The algorithm is not “broken” or “cracked”—despite headlines to the contrary—this is just a side-channel attack. What makes this work really interesting is that the researchers used a machine-learning model to train the system to exploit the side channel.

Tags: , , , , , ,

Posted on February 28, 2023 at 7:19 AM8 Comments

Comments

Clive Robinson February 28, 2023 11:08 AM

@ Bruce, ALL,

“The algorithm is not “broken” or “cracked”—despite headlines to the contrary—this is just a side-channel attack.”

The problem is not many understand the difference between,

1, Broken algorithm.
2, Broken implementation.

Or the implication of the latter.

As I’ve indicated in the past side channels appear in many ways, and they can leak many things.

What would be fair to say is that outside certain “Tripple Fence” organisations, not much research has been done.

Trying to deal with each type of side channel is not something many can do, and like “rolling your own crypto” is something where your success will be doubtful, without knowledge you may find difficult to aquire.

Thus the safe rule of thumb to mitigate side channels is not to use any crypto algorithm you need to rely on in an “On-Line” mode.

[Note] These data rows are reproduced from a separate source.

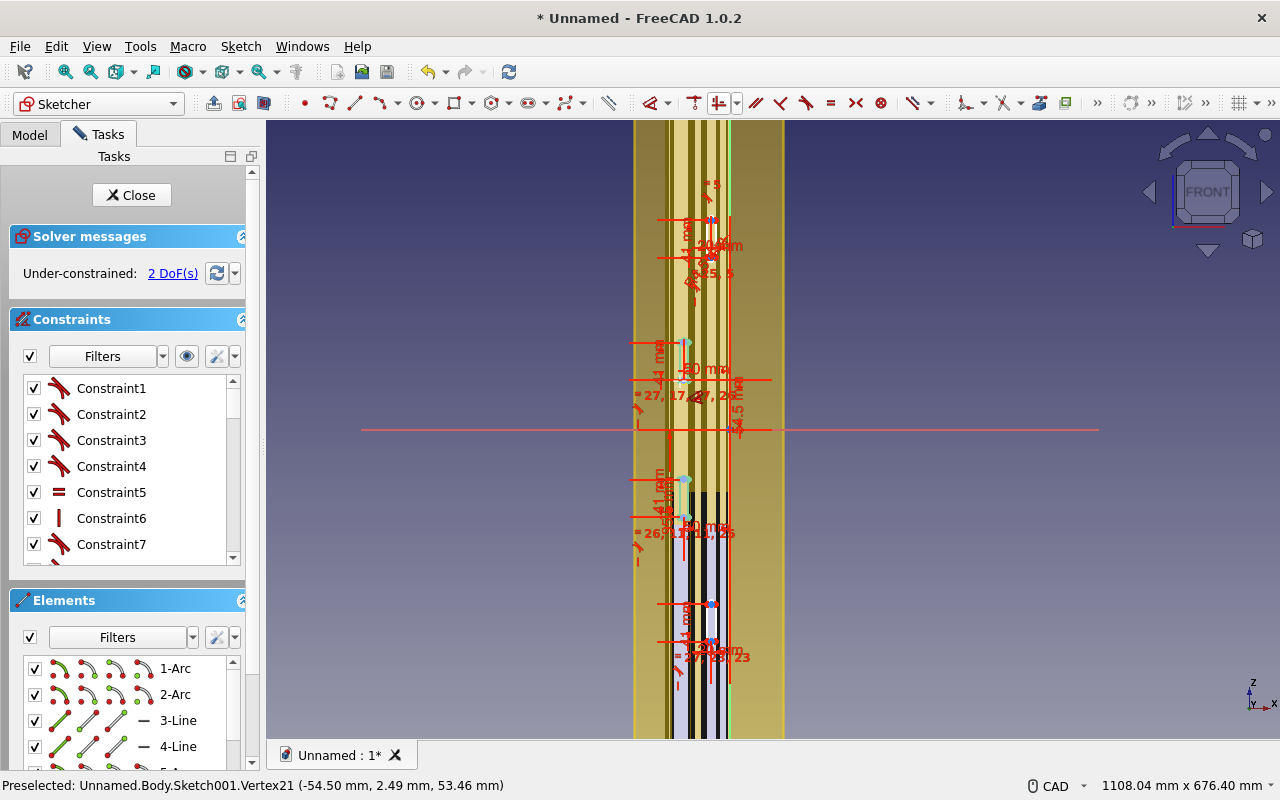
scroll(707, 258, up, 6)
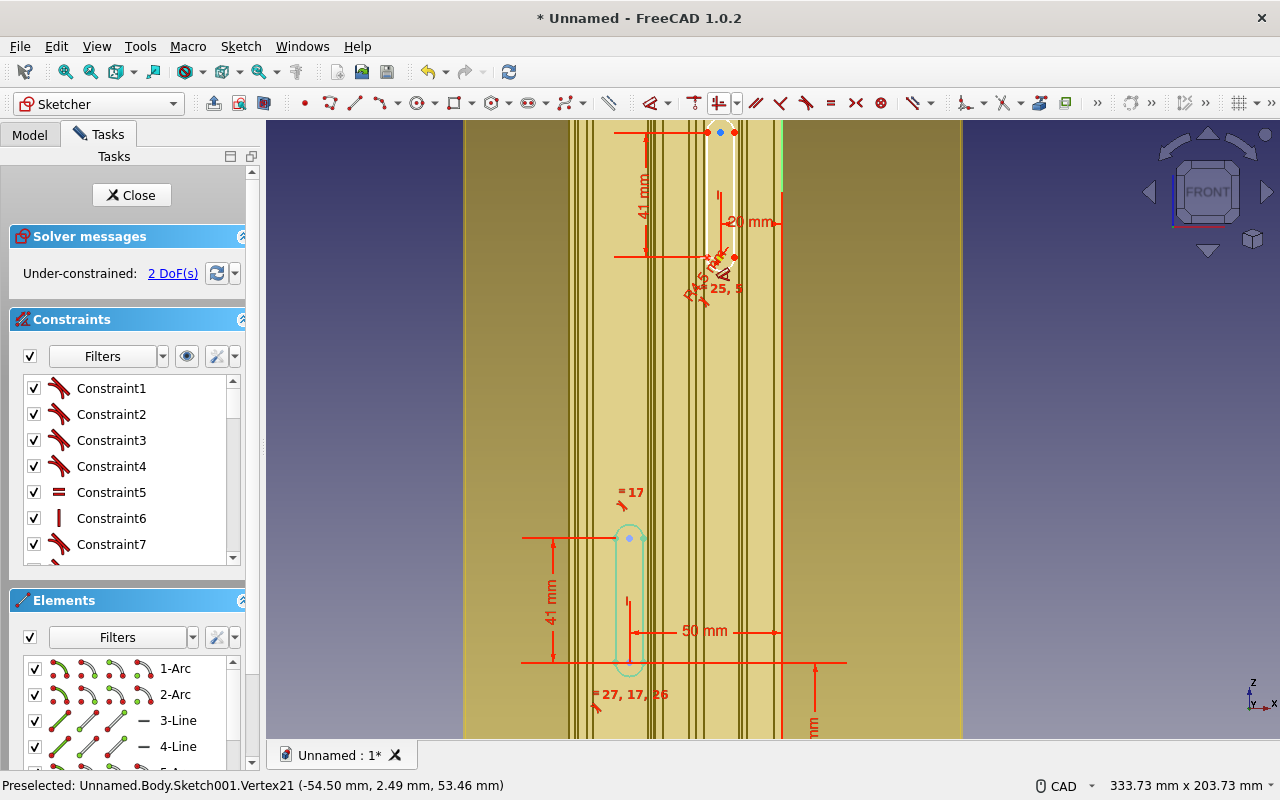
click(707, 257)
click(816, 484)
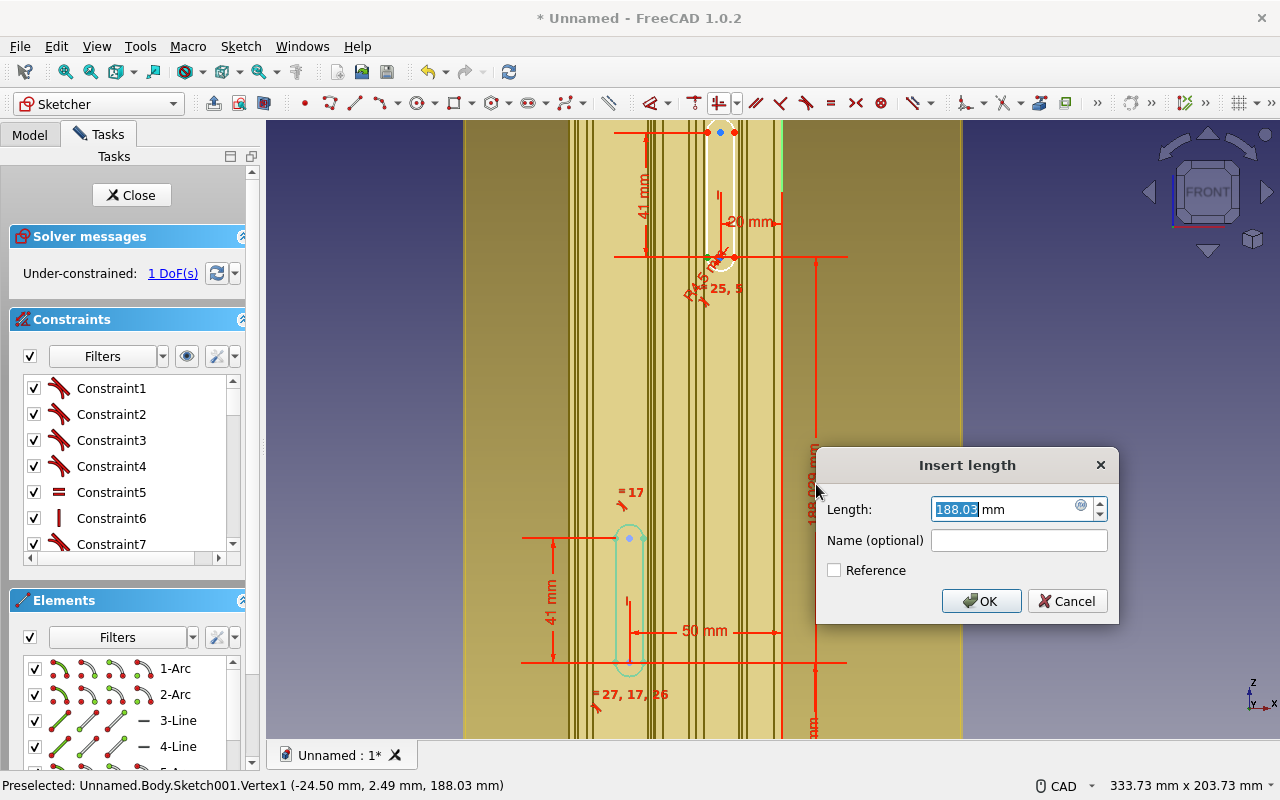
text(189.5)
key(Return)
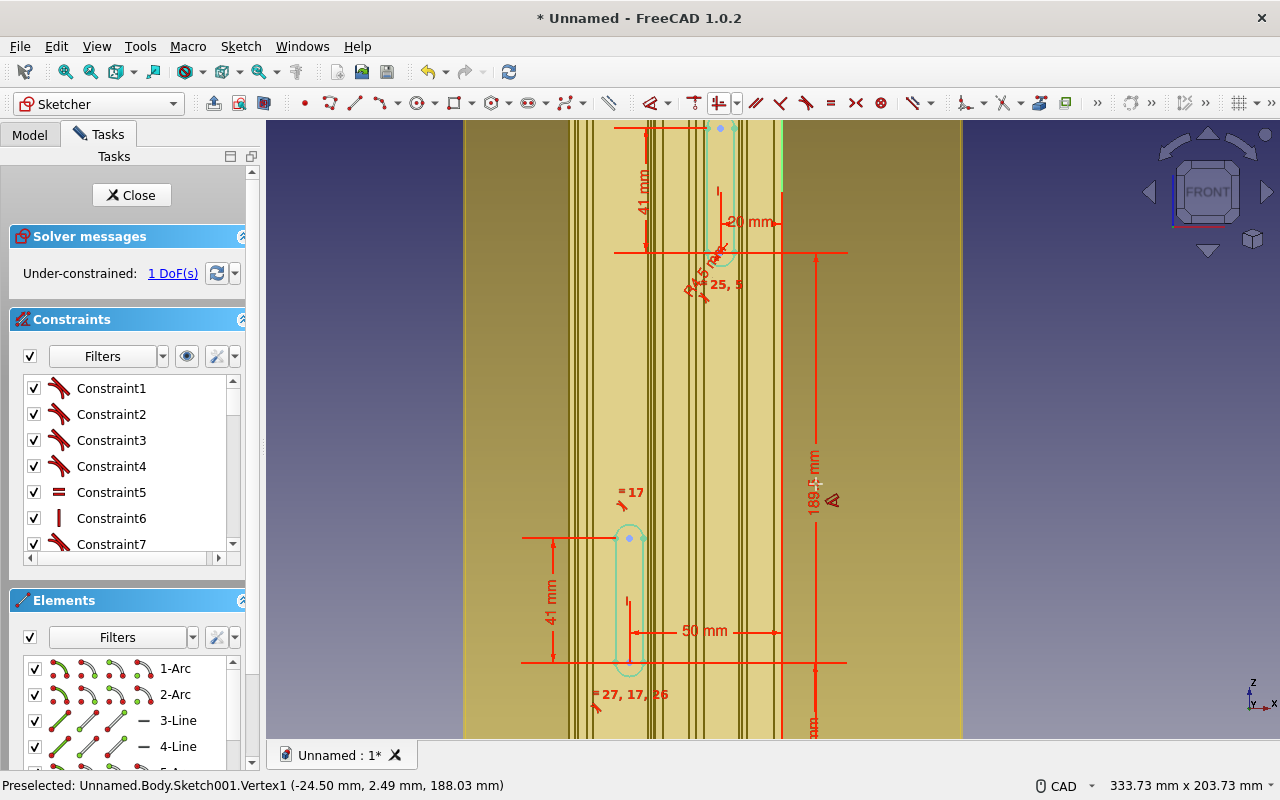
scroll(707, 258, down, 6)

So encrypt your secrets on an “energy gapped” machine where neither side channeles or other communications can carry secret information out into the world for the third party ears of Eve and friends to pick up.

Clive Robinson February 28, 2023 5:46 PM

@ Ted, ALL,

Re : Side channel protection gives slow algorithms.

“Moody adds that Kyber may be about twice as slow when lots of countermeasures are added.”

And those measures will probably not be enough…

But before anyone goes “but but but.
..” The AES finalist suffers from this very issue quite badly as well. And the NSA darn well knew about side channel issues before they pursuaded NIST to rig the contest to not just ignore them but select for probably worat case algorithms… Which ment that the “fastness” of the AES finalist pushed out other better algorithms that did not have anywhere near as bad side channel leakage.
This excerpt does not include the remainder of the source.